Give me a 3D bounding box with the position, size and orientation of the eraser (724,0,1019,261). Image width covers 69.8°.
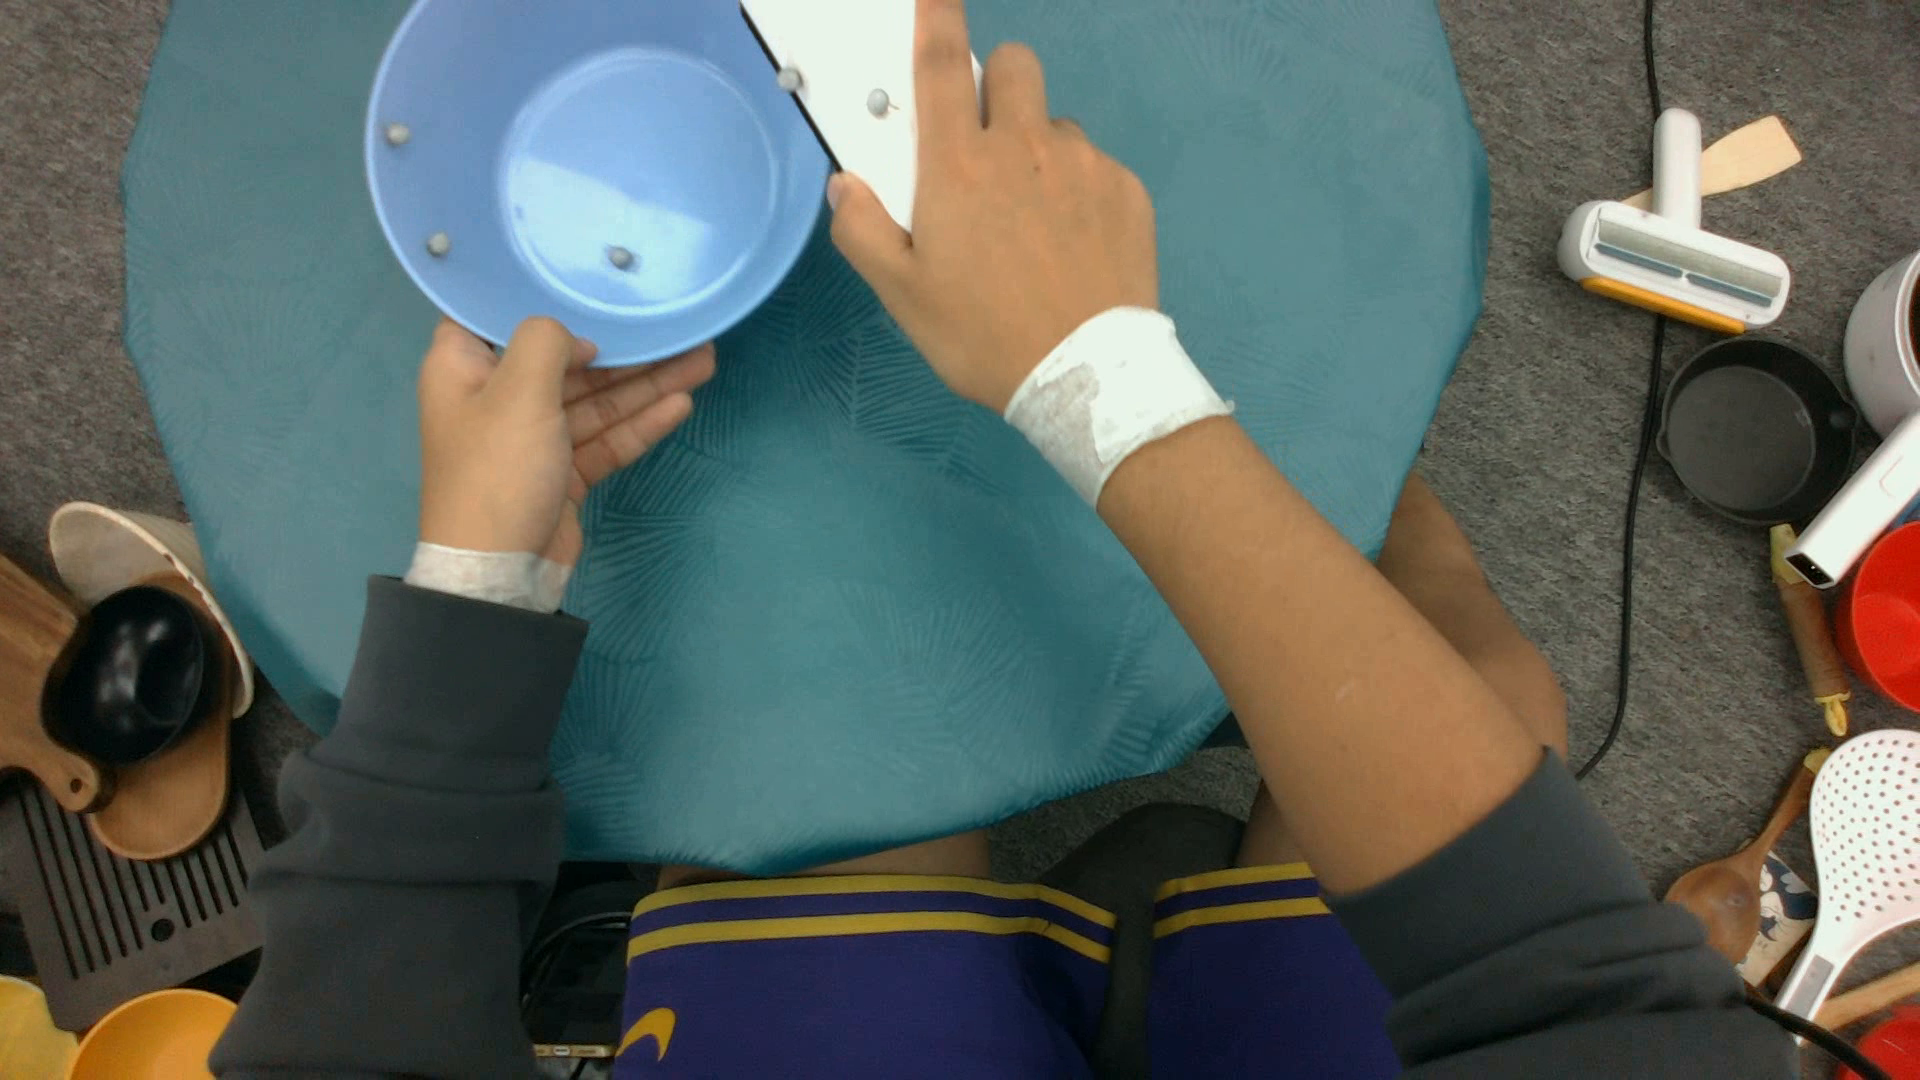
[{"bbox_3d":[-0.035,-0.164,0.499,0.063,0.034,0.131,-27,78,-23],"label":"eraser"}]

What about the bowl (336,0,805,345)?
[{"bbox_3d":[-0.146,-0.160,0.547,0.176,0.070,0.176,0,88,-1],"label":"bowl"}]

■ **Exercise brief**: Output the listing above exactly as it stands; no picture should appear.

■ **Solved exercise**:
Give me a 3D bounding box with the position, size and orientation of the eraser (724,0,1019,261). Image width covers 69.8°.
[{"bbox_3d":[-0.035,-0.164,0.499,0.063,0.034,0.131,-27,78,-23],"label":"eraser"}]

What about the bowl (336,0,805,345)?
[{"bbox_3d":[-0.146,-0.160,0.547,0.176,0.070,0.176,0,88,-1],"label":"bowl"}]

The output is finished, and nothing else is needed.